# a post about Adémar de Chabannes and early polyphonie aquitaine St Martial de Limoges



## deprofundis (Apr 25, 2014)

Firstly, i wanted to say that totally praise this *Adémar de Chabannes* cd called
*Troped apostolic (plainchant) mass for St.Martial (1029).
*
When you lisen to it to a moderated volume thus said whiteout headphones, yoou dont get the feeling , the flavor of this master work lead by Frederick Renz and his New york Ensemble for early music,than i say the following put on headphone and lisen to it loud, when i mean loud it's loud...
to feel the full flavor, like being in a monastery being there while it was recorded or extrapolated
in time of ancient lore and beleive your in year 1029 or when it was made.

So i thank early music fondation for putting out this awesome records and Ex Cathedra the label.

Than i would like to mention the following if you like this record chance are you will like mister distinguished Marcel Pères,* Polyphonie Aquitaine of Saint Martial de Limoges*, fabuleous ensemble once again, same era, early polyphony.

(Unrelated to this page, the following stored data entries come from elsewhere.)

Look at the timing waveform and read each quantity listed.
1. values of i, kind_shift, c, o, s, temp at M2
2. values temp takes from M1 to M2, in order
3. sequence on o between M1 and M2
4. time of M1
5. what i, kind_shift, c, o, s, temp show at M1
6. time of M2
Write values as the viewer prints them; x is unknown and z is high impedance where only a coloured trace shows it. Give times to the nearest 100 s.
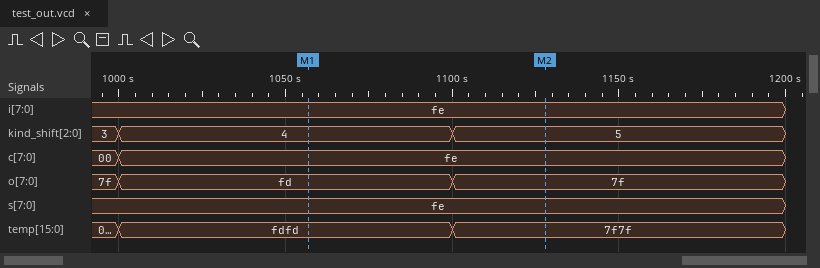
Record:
i=fe, kind_shift=5, c=fe, o=7f, s=fe, temp=7f7f
fdfd, 7f7f
fd, 7f
1100 s
i=fe, kind_shift=4, c=fe, o=fd, s=fe, temp=fdfd
1100 s
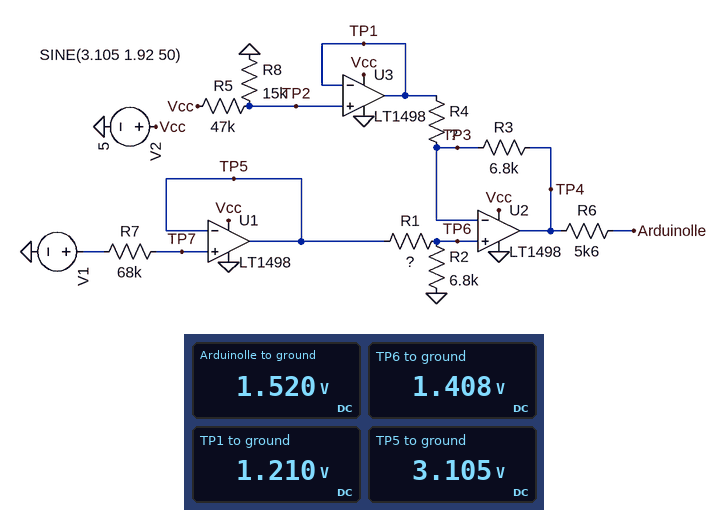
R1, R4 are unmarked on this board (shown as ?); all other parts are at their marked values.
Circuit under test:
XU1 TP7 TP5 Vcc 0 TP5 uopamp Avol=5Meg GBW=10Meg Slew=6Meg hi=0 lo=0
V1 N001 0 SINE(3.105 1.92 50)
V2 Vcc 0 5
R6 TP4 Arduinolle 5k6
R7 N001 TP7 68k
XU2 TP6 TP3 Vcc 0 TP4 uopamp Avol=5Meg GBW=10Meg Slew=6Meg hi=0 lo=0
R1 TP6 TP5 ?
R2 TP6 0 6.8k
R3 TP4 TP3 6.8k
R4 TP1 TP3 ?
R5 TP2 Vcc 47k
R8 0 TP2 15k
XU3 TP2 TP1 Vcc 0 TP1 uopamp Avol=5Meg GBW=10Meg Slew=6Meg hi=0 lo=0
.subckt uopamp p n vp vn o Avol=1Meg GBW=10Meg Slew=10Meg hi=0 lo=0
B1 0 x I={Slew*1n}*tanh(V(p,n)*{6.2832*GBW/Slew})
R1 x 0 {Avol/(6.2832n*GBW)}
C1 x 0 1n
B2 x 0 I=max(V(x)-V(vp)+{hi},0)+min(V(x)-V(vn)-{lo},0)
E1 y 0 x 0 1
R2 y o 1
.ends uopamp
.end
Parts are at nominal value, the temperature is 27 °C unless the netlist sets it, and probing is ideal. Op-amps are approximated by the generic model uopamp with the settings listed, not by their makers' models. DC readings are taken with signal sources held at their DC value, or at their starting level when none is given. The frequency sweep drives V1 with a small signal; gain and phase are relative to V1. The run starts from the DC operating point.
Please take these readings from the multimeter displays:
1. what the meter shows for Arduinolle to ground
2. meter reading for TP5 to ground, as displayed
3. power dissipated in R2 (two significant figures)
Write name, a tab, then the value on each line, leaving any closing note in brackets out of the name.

what the meter shows for Arduinolle to ground	1.520 V
meter reading for TP5 to ground, as displayed	3.105 V
power dissipated in R2	290 µW
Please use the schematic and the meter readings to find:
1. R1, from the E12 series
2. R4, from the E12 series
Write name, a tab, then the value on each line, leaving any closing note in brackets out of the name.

R1, from the E12 series	8.2 kΩ
R4, from the E12 series	12 kΩ
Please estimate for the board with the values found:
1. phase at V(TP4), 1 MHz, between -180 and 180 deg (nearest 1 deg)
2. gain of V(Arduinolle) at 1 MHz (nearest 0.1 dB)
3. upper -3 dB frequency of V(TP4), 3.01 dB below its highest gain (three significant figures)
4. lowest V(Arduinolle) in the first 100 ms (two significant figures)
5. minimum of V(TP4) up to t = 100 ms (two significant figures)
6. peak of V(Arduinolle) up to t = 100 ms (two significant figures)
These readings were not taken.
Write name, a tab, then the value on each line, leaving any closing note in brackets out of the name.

phase at V(TP4), 1 MHz, between -180 and 180 deg	-15 deg
gain of V(Arduinolle) at 1 MHz	-3.1 dB
upper -3 dB frequency of V(TP4), 3.01 dB below its highest gain	4.96 MHz
lowest V(Arduinolle) in the first 100 ms	160 mV
minimum of V(TP4) up to t = 100 ms	160 mV
peak of V(Arduinolle) up to t = 100 ms	2.9 V
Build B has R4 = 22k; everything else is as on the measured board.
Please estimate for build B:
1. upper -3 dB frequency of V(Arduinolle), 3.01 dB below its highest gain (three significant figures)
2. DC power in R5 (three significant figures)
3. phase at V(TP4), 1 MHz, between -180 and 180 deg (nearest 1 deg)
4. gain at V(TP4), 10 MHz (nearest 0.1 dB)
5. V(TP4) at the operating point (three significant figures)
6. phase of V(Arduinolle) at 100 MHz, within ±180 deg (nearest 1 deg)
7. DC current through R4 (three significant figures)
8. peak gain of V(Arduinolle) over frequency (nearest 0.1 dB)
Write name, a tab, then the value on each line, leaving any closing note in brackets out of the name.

upper -3 dB frequency of V(Arduinolle), 3.01 dB below its highest gain	5.55 MHz
DC power in R5	306 µW
phase at V(TP4), 1 MHz, between -180 and 180 deg	-13 deg
gain at V(TP4), 10 MHz	-11.9 dB
V(TP4) at the operating point	1.47 V
phase of V(Arduinolle) at 100 MHz, within ±180 deg	-170 deg
DC current through R4	9.00 µA
peak gain of V(Arduinolle) over frequency	-4.5 dB
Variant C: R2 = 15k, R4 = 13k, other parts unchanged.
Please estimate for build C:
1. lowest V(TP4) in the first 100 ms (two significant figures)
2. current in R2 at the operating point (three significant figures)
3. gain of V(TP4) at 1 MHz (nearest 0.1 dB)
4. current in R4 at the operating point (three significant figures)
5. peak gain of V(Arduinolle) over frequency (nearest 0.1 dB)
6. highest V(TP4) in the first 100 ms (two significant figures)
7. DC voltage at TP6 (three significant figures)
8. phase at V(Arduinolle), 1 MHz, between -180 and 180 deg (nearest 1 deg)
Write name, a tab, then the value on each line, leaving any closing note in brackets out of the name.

lowest V(TP4) in the first 100 ms	530 mV
current in R2 at the operating point	134 µA
gain of V(TP4) at 1 MHz	-0.3 dB
current in R4 at the operating point	61.4 µA
peak gain of V(Arduinolle) over frequency	-0.1 dB
highest V(TP4) in the first 100 ms	4.3 V
DC voltage at TP6	2.01 V
phase at V(Arduinolle), 1 MHz, between -180 and 180 deg	-14 deg

You guys want to ad something , new on the table to this post?, comments impressions, thought.
I have pair these two has fundamental lisening.This is if you like early polyphony depths...

Thee almost forgotten lore of ancient time that remain fundamental and crucial has learning for early days polyphony, if you are an audiophile(thee who love and cherrish music) or an aspirant scholars musicologist or simply an _ars antiqua_ lover, than there your full plate , please enjoy this meal,

Music is food for the mind, a healthy mind bring a sane soul _ quote _the profundis

:angel:


----------



## Mandryka (Feb 22, 2013)

The thing I enjoyed most on the Aquitaine music CD is O primo homo coruit. It was Peres's first CD with Ensemble Organum, and I've never enjoyed it as much as his second one, The Christmas Mass from Notre Dame.


----------



## Mandryka (Feb 22, 2013)

I've just been listening to this beautiful thing and I thought of you






A swan has left the firm land with its flowers, and flown out over the sea. It begins a lament for its unhappy state, shaken by winds and storms. Full of anxiety it attempts to rise above the mountain waves, but cannot; it sees fish in abundance for food, but is unable to catch them. Then as dawn breaks iits strength returns and, singing sweetly, it flies to the delights of firm earth "Gather around all creatures and praise the high king." (From John Stevens, _Words and Music in The Middle Ages._ (Cambridge))

Hillier sings a version of it, much shorter and rather well, he attributes it to Abelard


----------